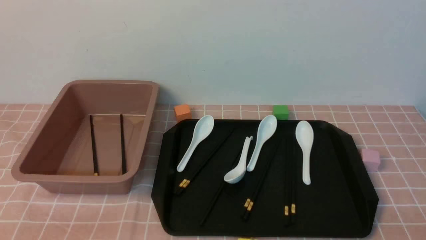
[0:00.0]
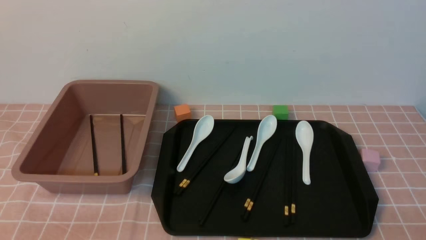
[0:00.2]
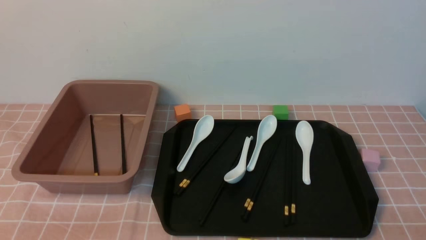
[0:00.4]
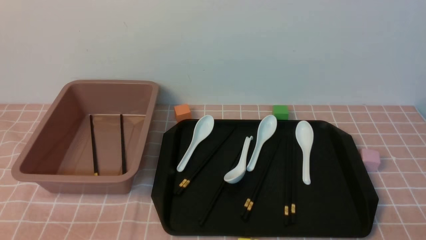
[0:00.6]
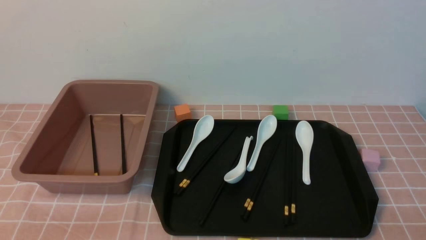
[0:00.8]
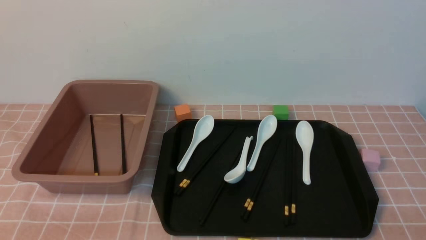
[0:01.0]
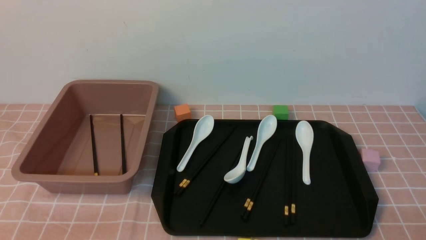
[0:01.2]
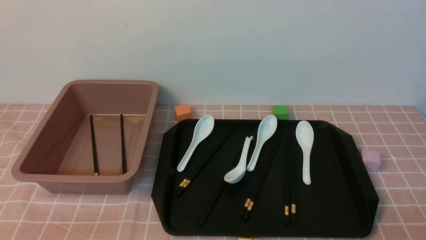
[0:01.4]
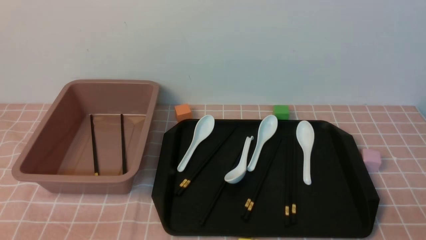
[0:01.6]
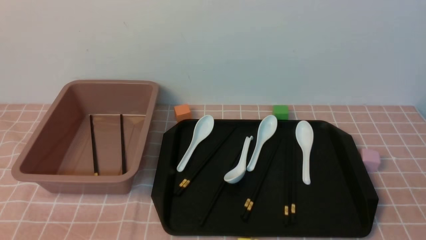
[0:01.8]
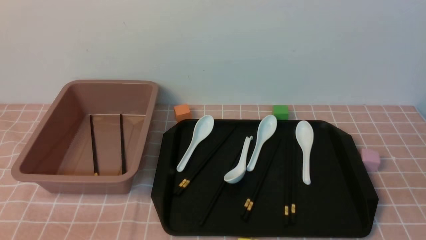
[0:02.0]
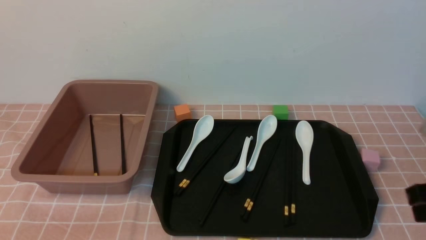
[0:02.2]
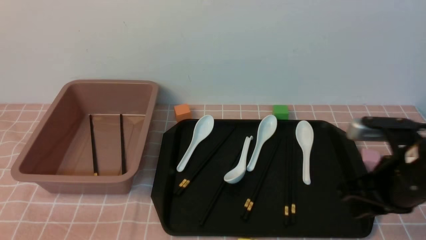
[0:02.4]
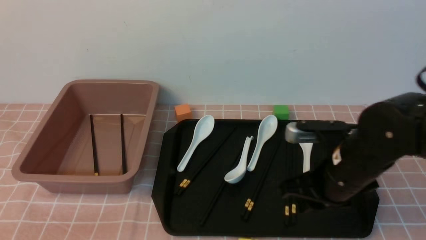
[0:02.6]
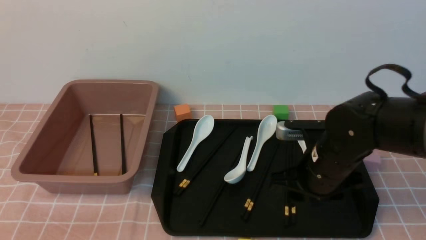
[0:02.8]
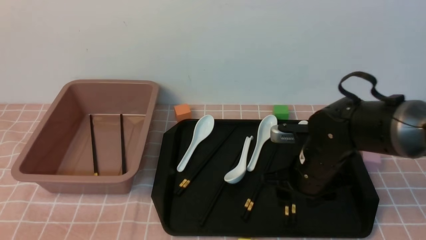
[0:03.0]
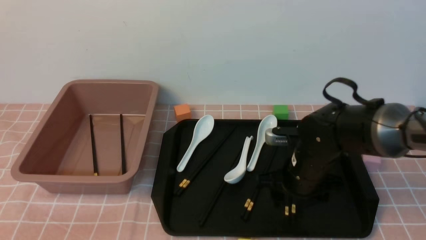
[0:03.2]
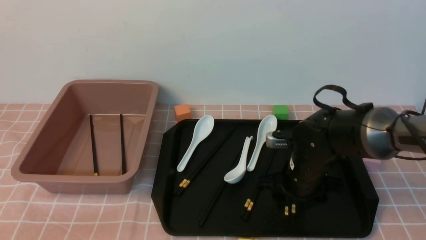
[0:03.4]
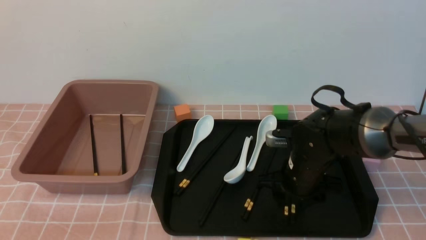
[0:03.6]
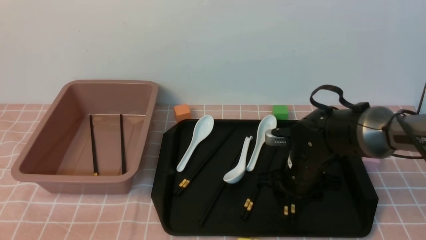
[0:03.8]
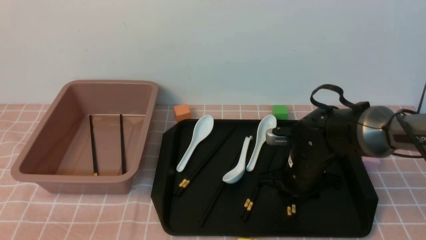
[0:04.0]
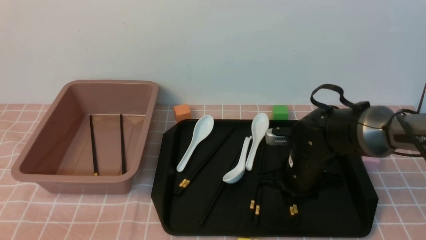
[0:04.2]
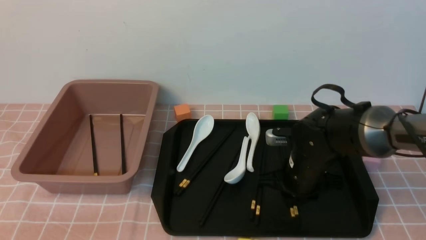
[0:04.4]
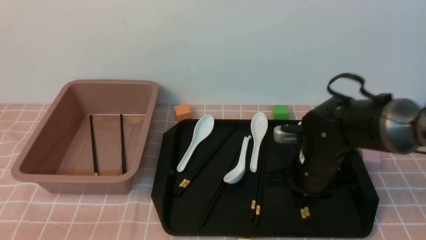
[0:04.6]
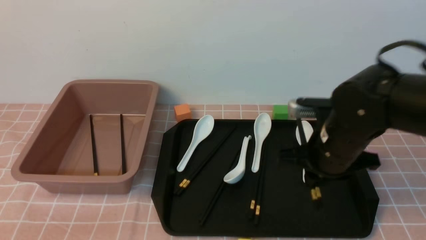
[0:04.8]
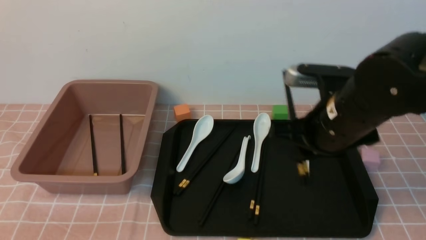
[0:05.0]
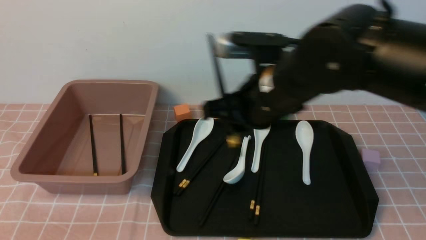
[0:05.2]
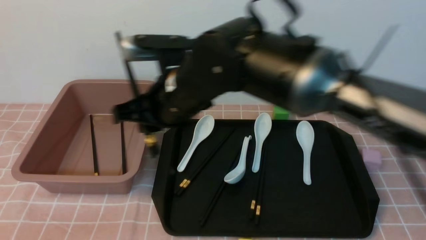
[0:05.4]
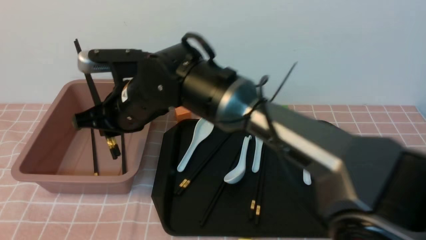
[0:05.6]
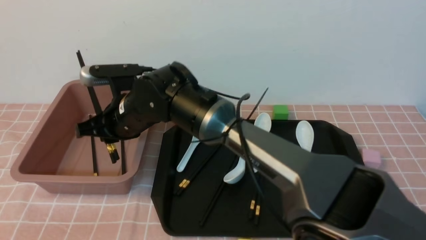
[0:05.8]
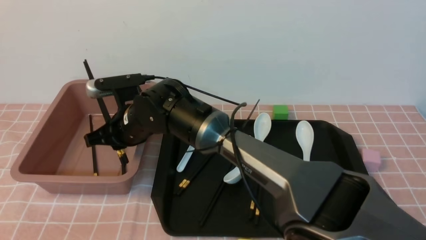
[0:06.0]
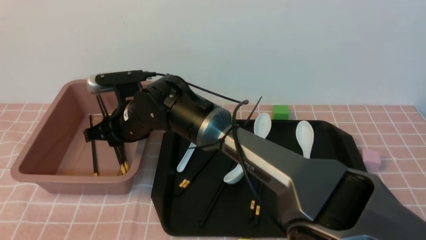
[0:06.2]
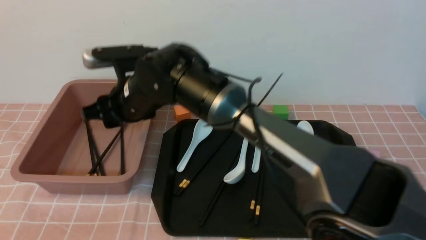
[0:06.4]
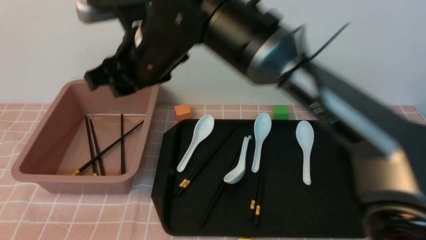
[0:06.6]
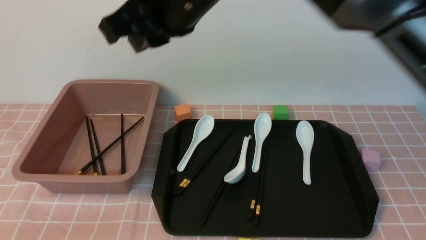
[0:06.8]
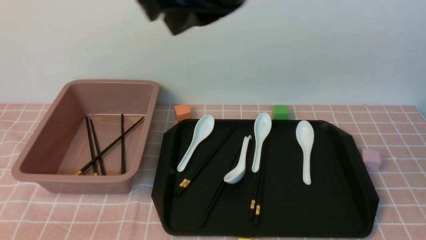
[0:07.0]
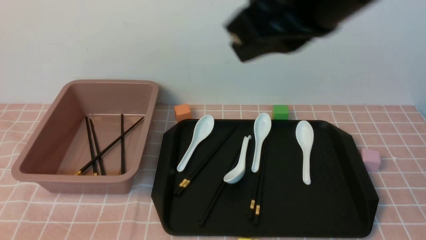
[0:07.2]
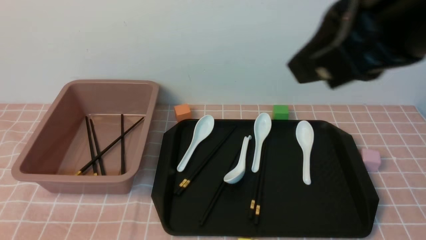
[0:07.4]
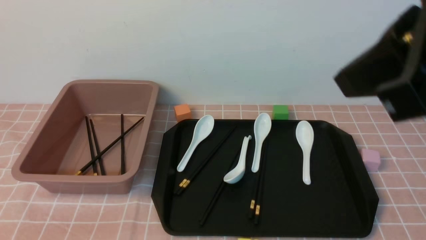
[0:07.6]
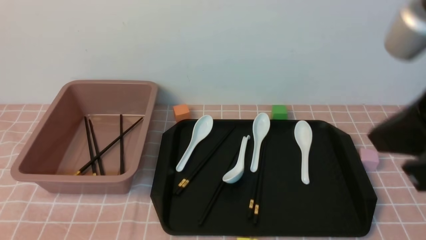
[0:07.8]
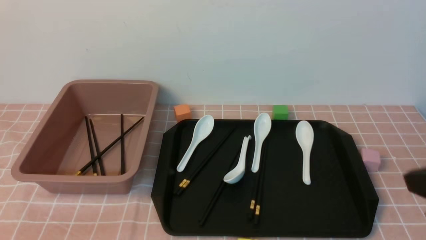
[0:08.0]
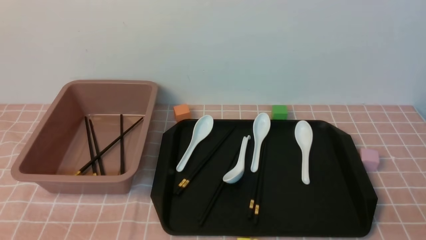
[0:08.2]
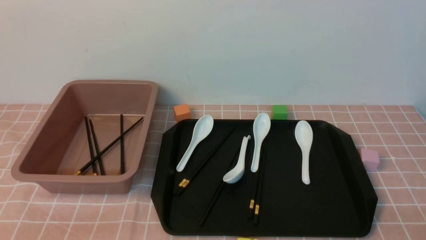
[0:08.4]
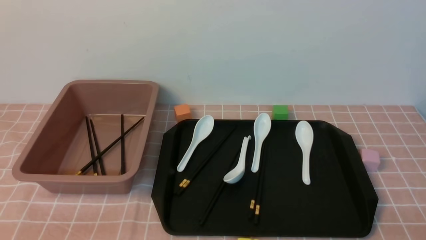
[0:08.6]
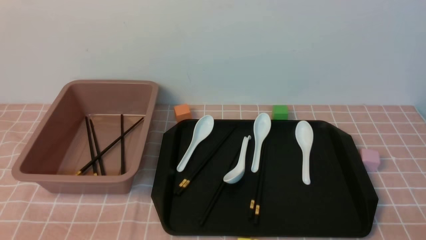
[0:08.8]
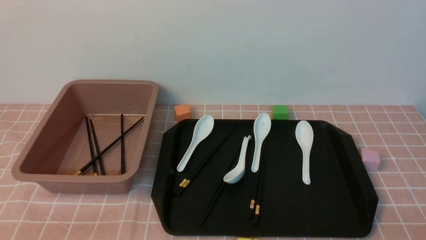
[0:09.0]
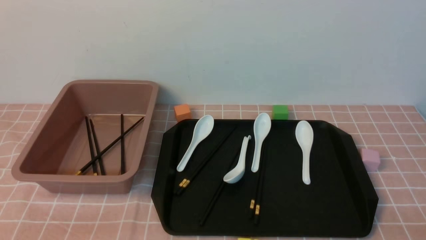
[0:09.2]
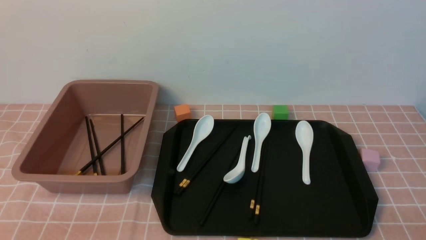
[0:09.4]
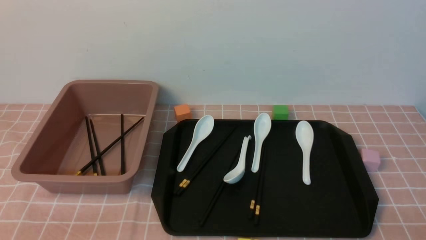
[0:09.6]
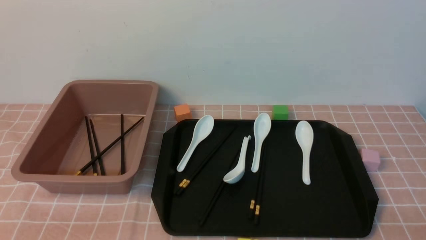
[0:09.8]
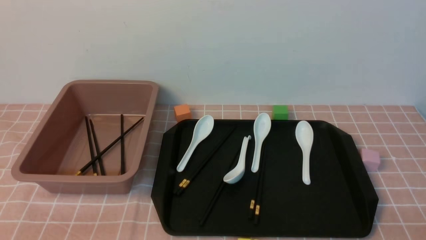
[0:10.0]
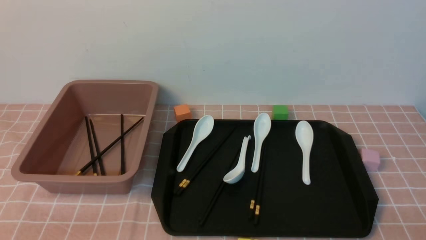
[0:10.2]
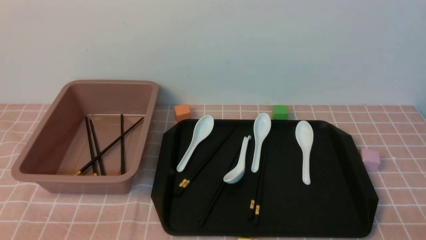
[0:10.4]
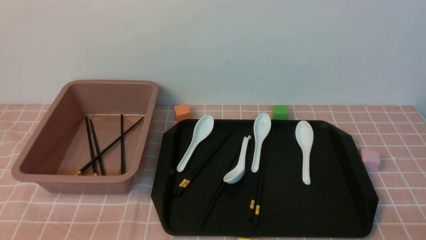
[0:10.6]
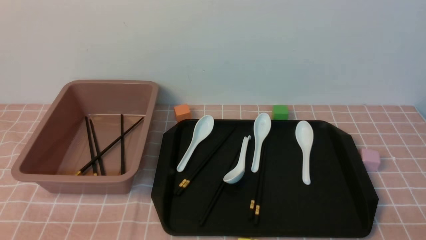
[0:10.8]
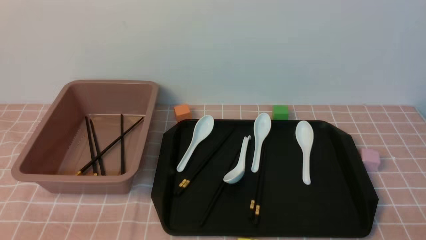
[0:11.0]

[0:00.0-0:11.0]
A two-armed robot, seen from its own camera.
Step, 0:00.0 to 0:04.8: use the right arm to grab a pair of chopsticks.
Step, 0:05.0 to 0:06.4: use the right arm to put the chopsticks into the lunch box.
0:00.0 to 0:01.6: The right gripper heads upward, covering roughly 5 cm.
0:01.6 to 0:03.2: The right gripper moves forward and to the left, about 30 cm, and opens its fingers.
0:03.2 to 0:04.8: The right gripper goes about 10 cm upward, and closes its fingers.
0:04.8 to 0:06.2: The right gripper is displaced to the left by approximately 25 cm.
0:06.2 to 0:07.8: The right gripper heads to the right, backward and upward, covering roughly 40 cm, and closes its fingers.
0:07.8 to 0:09.4: The right gripper is displaced downward and to the right by some 25 cm.
0:09.4 to 0:11.0: Both grippers stay about where they are.

_ _ _ _ _ _ _

WHAT TO DO:
Your reply must contain each entry exactly as written and no pictures.

SOLUTION BELOW:
[0:00.0]
[0:00.2]
[0:00.4]
[0:00.6]
[0:00.8]
[0:01.0]
[0:01.2]
[0:01.4]
[0:01.6]
[0:01.8]
[0:02.0]
[0:02.2]
[0:02.4]
[0:02.6]
[0:02.8]
[0:03.0]
[0:03.2]
[0:03.4]
[0:03.6]
[0:03.8]
[0:04.0]
[0:04.2]
[0:04.4]
[0:04.6]
[0:04.8]
[0:05.0]
[0:05.2]
[0:05.4]
[0:05.6]
[0:05.8]
[0:06.0]
[0:06.2]
[0:06.4]
[0:06.6]
[0:06.8]
[0:07.0]
[0:07.2]
[0:07.4]
[0:07.6]
[0:07.8]
[0:08.0]
[0:08.2]
[0:08.4]
[0:08.6]
[0:08.8]
[0:09.0]
[0:09.2]
[0:09.4]
[0:09.6]
[0:09.8]
[0:10.0]
[0:10.2]
[0:10.4]
[0:10.6]
[0:10.8]
[0:11.0]

[0:00.0-0:11.0]
A two-armed robot, seen from its own camera.
Step, 0:00.0 to 0:04.8: use the right arm to grab a pair of chopsticks.
Step, 0:05.0 to 0:06.4: use the right arm to put the chopsticks into the lunch box.
0:00.0 to 0:01.6: The right gripper heads upward, covering roughly 5 cm.
0:01.6 to 0:03.2: The right gripper moves forward and to the left, about 30 cm, and opens its fingers.
0:03.2 to 0:04.8: The right gripper goes about 10 cm upward, and closes its fingers.
0:04.8 to 0:06.2: The right gripper is displaced to the left by approximately 25 cm.
0:06.2 to 0:07.8: The right gripper heads to the right, backward and upward, covering roughly 40 cm, and closes its fingers.
0:07.8 to 0:09.4: The right gripper is displaced downward and to the right by some 25 cm.
0:09.4 to 0:11.0: Both grippers stay about where they are.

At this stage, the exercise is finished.